The Corps last year produced a supplemental environmental analysis it hoped would cover dredging this past winter during a Dec. 15 to March 1 window but called off the plan last September. It cited inadequate time to address public comments and complete administrative steps necessary to implement the plan.

The 2004-2005 plan again attempts to implement a short-term fix for navigation problems while the Corps continues work on the long-term plan.

The November 2002 motion filed by the conservation and fishing groups claimed that the Corps' original EIS included four options that are virtually identical, except that the agency varies the location for the dredge spoil deposits. All four alternatives include 20 years of dredging and substantial increases in the levees in Lewiston, Idaho, the lawsuit said.

The court agreed that the Corps' EIS does not consider alternatives to dredging and levee construction that could potentially achieve its barge navigation goals on the Snake River.

The plaintiffs said, for example, the Corps could reduce the amount of sediment flowing into the Snake River by promoting healthier streamside habitat that would naturally control erosion. A recent study showed that implementing existing programs could reduce the amount of sediment flowing into Lower Granite reservoir by 37 percent, the groups said.

The Corps was also urged to consider using high spring flows to "flush" sediments and juvenile salmon downstream naturally.

Hasselman said that the Corps is again attempting implement the first-year strategy "without complying with what he (Lasnik) originally said. There's no reason they shouldn't have a new 20-year plan" that explores alternative actions.

The Corps says it is attempting to address serious and immediate problems with the 2004-2005 plan. The shipping channels have not been dredged to their approved 14-foot depth since the winter of 1998-1999.

"Our surveys show the sediment build-up continues to increase, especially in areas near the confluence of the Snake and Clearwater rivers, resulting in impairments within the navigation system," according to the record of decision. "The area below Clearwater River mile 2 is filled in to the point that it is very difficult to turn barges or ships around without dragging on the river bottom. The navigation industry and the Coast Guard have documented grounding of vessels, in this area and others.

"Economic costs to the region are rising as the navigation industry tries to adapt to the current conditions. The increasing hazards are hindering the intended use of this Federal navigation system and this one-year maintenance dredging activity is necessary to alleviate safety concerns, possible risks to life and property, and economic impacts."

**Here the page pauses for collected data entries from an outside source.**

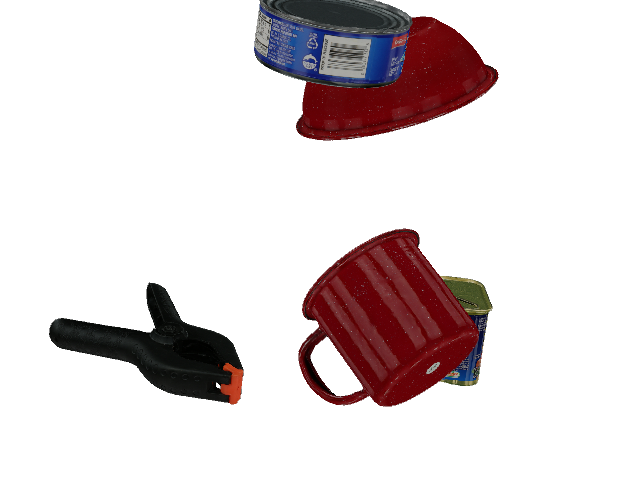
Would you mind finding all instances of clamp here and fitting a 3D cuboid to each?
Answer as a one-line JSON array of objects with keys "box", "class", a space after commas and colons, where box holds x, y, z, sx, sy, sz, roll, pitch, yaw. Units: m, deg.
[{"box": [-0.124, 0.083, 0.885, 0.172, 0.039, 0.120, 21, 35, 24], "class": "clamp"}]

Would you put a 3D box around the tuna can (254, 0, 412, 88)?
[{"box": [0.006, -0.113, 0.595, 0.086, 0.034, 0.086, 8, 24, -4], "class": "tuna can"}]

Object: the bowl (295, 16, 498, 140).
[{"box": [0.051, -0.132, 0.822, 0.162, 0.055, 0.162, -15, 20, 6], "class": "bowl"}]

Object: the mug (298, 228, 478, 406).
[{"box": [0.039, 0.060, 0.691, 0.117, 0.081, 0.093, -38, -23, 6], "class": "mug"}]

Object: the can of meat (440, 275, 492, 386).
[{"box": [0.139, 0.093, 1.102, 0.057, 0.084, 0.102, 6, 16, 0], "class": "can of meat"}]

The proposal is to remove about 289,200 cubic yards of sediment from the navigation channel and from the ports of Clarkston, Wash., and Lewiston, Idaho. The lower Snake navigation channel cuts through the Ice Harbor, Lower Monumental, Little Goose and Lower Granite reservoirs. The Corps says the channel is as shallow as 8 feet deep in places. A typical four-barge carrying grain or other products drafts up to 13.5 feet.

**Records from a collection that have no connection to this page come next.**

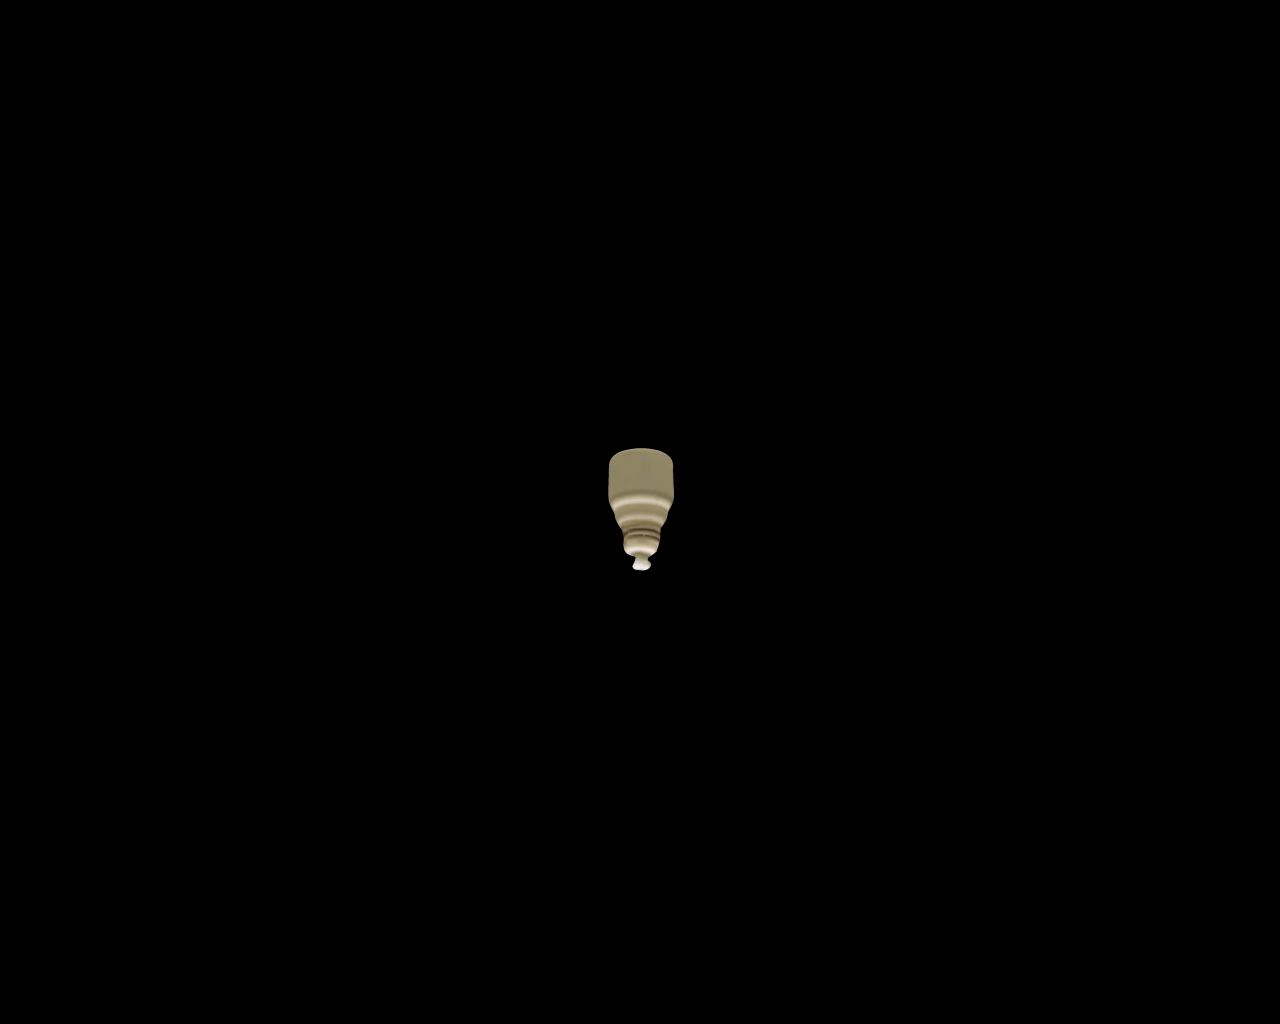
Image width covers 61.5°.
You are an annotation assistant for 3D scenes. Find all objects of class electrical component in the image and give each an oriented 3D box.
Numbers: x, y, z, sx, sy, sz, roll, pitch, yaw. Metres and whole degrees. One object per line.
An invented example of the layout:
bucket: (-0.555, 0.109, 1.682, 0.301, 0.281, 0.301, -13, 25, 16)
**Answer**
electrical component: (0.001, -0.003, 0.650, 0.040, 0.078, 0.040, 0, -21, 0)

The proposed dredging would take place between Dec. 15 and March 1, the time of the year when the fewest salmon or steelhead are present in the river.

The dredged materials would be disposed of in-water in the Lower Granite reservoir at Knoxway Canyon. The Corps says the sediment placement is designed to create "beneficial uses" for fish and wildlife by creating a bench that will be planted with vegetation to create riparian habitat and to create shallow and mid-depth habitat for juvenile salmon.

During an airing of the 2004-2005 proposal this past winter the Corps sent letters to the Colville, Nez Perce, Umatilla and Yakama tribes inquiring whether there was an interest in government-to-government consultation. The Nez Perce Tribe said yes and consultations were held on March 9 and June 8, according to the Corps. The Colville tribes requested a briefing.

"Both tribes have indicated they still have concerns over aspects of the proposed project including such issues as sediment quality and potential contamination of the water column, and potential adverse impacts to ESA-Listed species and their habitat, according to a Corps summary of its decision. "In addition, the Nez Perce Tribe has voiced strong concern about the cumulative impacts of the proposed project when considered in combination with other planned or on-going projects or operations within the Snake River system."

The NOAA BiOp concludes that the dredging "would cause transient effects on Critical Habitat…. Turbidity and the resuspension of contaminants, will occur largely concurrent with and local to dredging and in-water disposal activities. The proposed action would also reduce the availability of food items during the spring and summer and following dredging. Longer term adverse effects are not anticipated. The COE proposes to create shallow water and riparian habitat that would be expected to improve food abundance, diversity, and distribution as early as the year following dredging."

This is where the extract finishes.